Context-aware Modality-Topology Co-Alignment for Multimodal Attributed Graphs

Multimodal Attributed Graphs (MAGs) model real-world entities by coupling graph topology with heterogeneous attributes such as text and images. They support graph-centric tasks requiring structural and class-discriminative representations, and modality-centric tasks requiring fine-grained cross-modal correspondence. However, existing MAG methods often rely on fixed graph contexts or uniformly fused representations, causing task-agnostic propagation and over-compressed fusion that hinder diverse task requirements and modality-specific evidence preservation. To address this, we propose CoMAG, a unified MAG backbone that learns task-adaptive reliable contexts and modality-preserving alignment within them. CoMAG first conducts Reliable Context Learning by estimating edge reliability from multimodal semantic consistency, complementing raw topology with semantic neighbors, and selecting context components through a task-aware gate. It then performs Modality-preserving Hop-token Alignment by maintaining modality-specific multi-hop trajectories, matching modality-hop tokens across modalities, and decoupling shared and private representations. Thus, CoMAG produces graph and modality representations from one forward pass while retaining modality-specific cues. We further analyze stable propagation, over-smoothing mitigation, and modality-collapse control. Experiments on nine OpenMAG datasets compare CoMAG with feature-only, graph-only, multimodal, and unified MAG baselines across graph-level prediction, modality matching, and graph-conditioned generation. Results show that CoMAG achieves the best reported performance, demonstrating that task-adaptive reliable contexts and modality-preserving alignment improve structural prediction, cross-modal matching, and graph-conditioned generation while retaining sparse edge-linear complexity.

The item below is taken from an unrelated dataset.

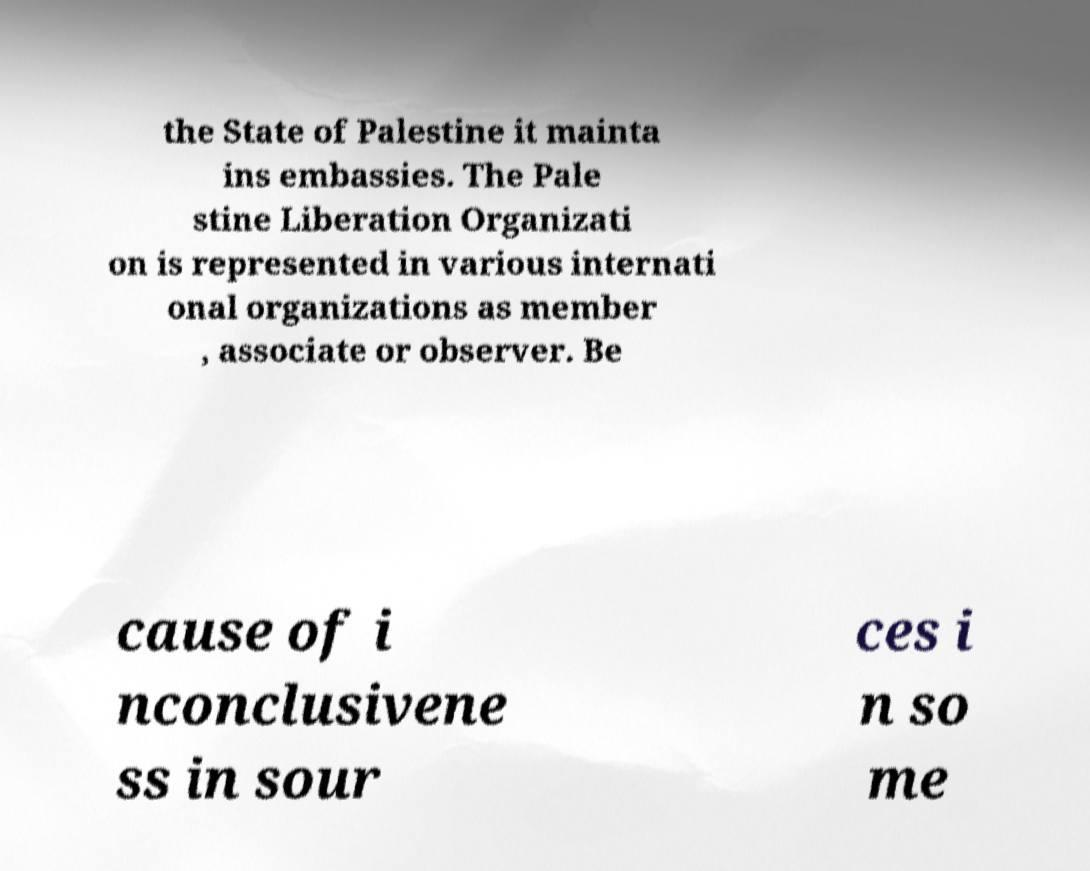There's text embedded in this image that I need extracted. Can you transcribe it verbatim? the State of Palestine it mainta ins embassies. The Pale stine Liberation Organizati on is represented in various internati onal organizations as member , associate or observer. Be cause of i nconclusivene ss in sour ces i n so me

翻译：多模态属性图通过耦合图拓扑与文本、图像等异质属性来建模现实世界实体。这类图结构同时支持需要结构性和类别判别性表示的图中心任务，以及需要细粒度跨模态对应的模态中心任务。然而，现有MAG方法通常依赖于固定图上下文或统一融合表示，导致任务无关的传播与过度压缩的融合，阻碍了多样化任务需求的满足与模态特定证据的保留。为解决此问题，我们提出统一MAG主干网络CoMAG，该方法能在任务自适应可靠上下文中学习模态保持对齐。CoMAG首先通过多模态语义一致性估计边可靠性、用语义邻居补充原始拓扑结构、并通过任务感知门控选择上下文组件，实现可靠上下文学习；随后通过维护模态特定多跳轨迹、跨模态匹配模态-跳令牌、并解耦共享与私有表示，执行模态保持的跳令牌对齐。由此，CoMAG通过单次前向传播即可生成图表示与模态表示，同时保留模态特定线索。我们进一步分析了稳定传播、过平滑缓解与模态坍缩控制机制。基于九个OpenMAG数据集的实验将CoMAG与纯特征方法、纯图方法、多模态方法及统一MAG基线进行对比，涵盖图级预测、模态匹配及图条件生成任务。结果表明，CoMAG实现了最优报告性能，验证了任务自适应可靠上下文与模态保持对齐在保持稀疏边线性复杂度的同时，能够提升结构预测、跨模态匹配及图条件生成能力。